> _PROBLEM_:
Copy exactly, line for line, the part of the listing from the line containing "maker's nationality: french" through its last line, and nothing else.

> _RECORDED INFORMATION_:

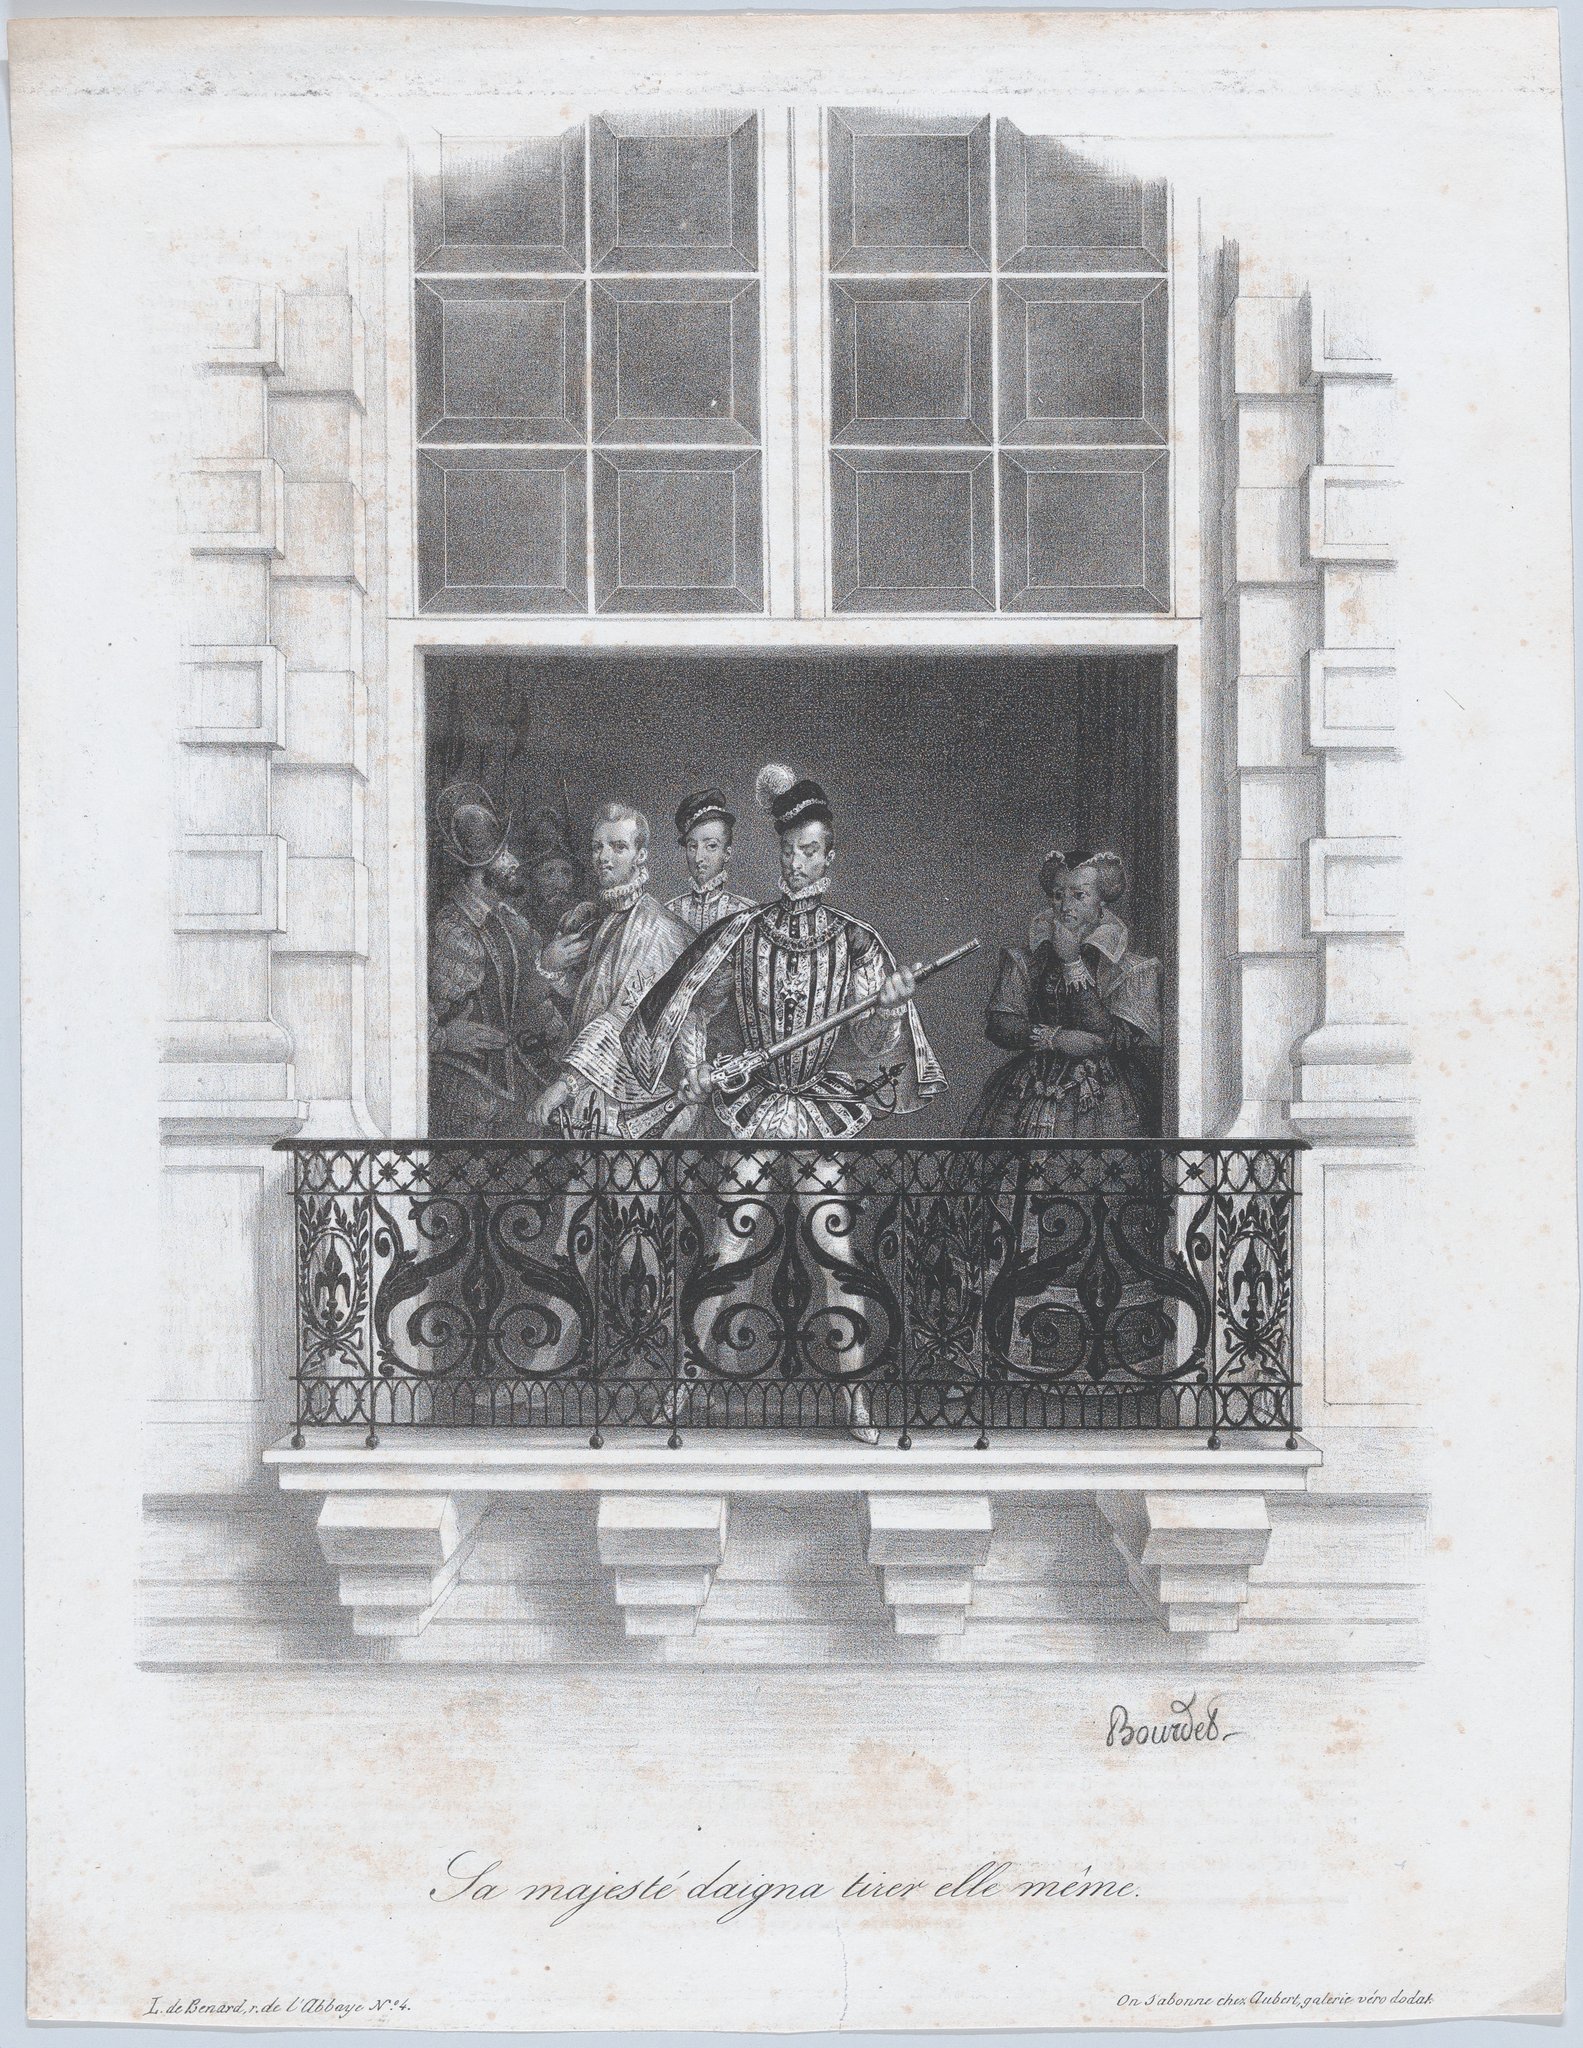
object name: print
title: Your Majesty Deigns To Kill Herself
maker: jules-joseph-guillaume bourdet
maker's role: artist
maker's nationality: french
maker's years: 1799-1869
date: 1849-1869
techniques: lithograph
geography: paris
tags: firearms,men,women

> _ANSWER SPACE_:
maker's nationality: french
maker's years: 1799-1869
date: 1849-1869
techniques: lithograph
geography: paris
tags: firearms,men,women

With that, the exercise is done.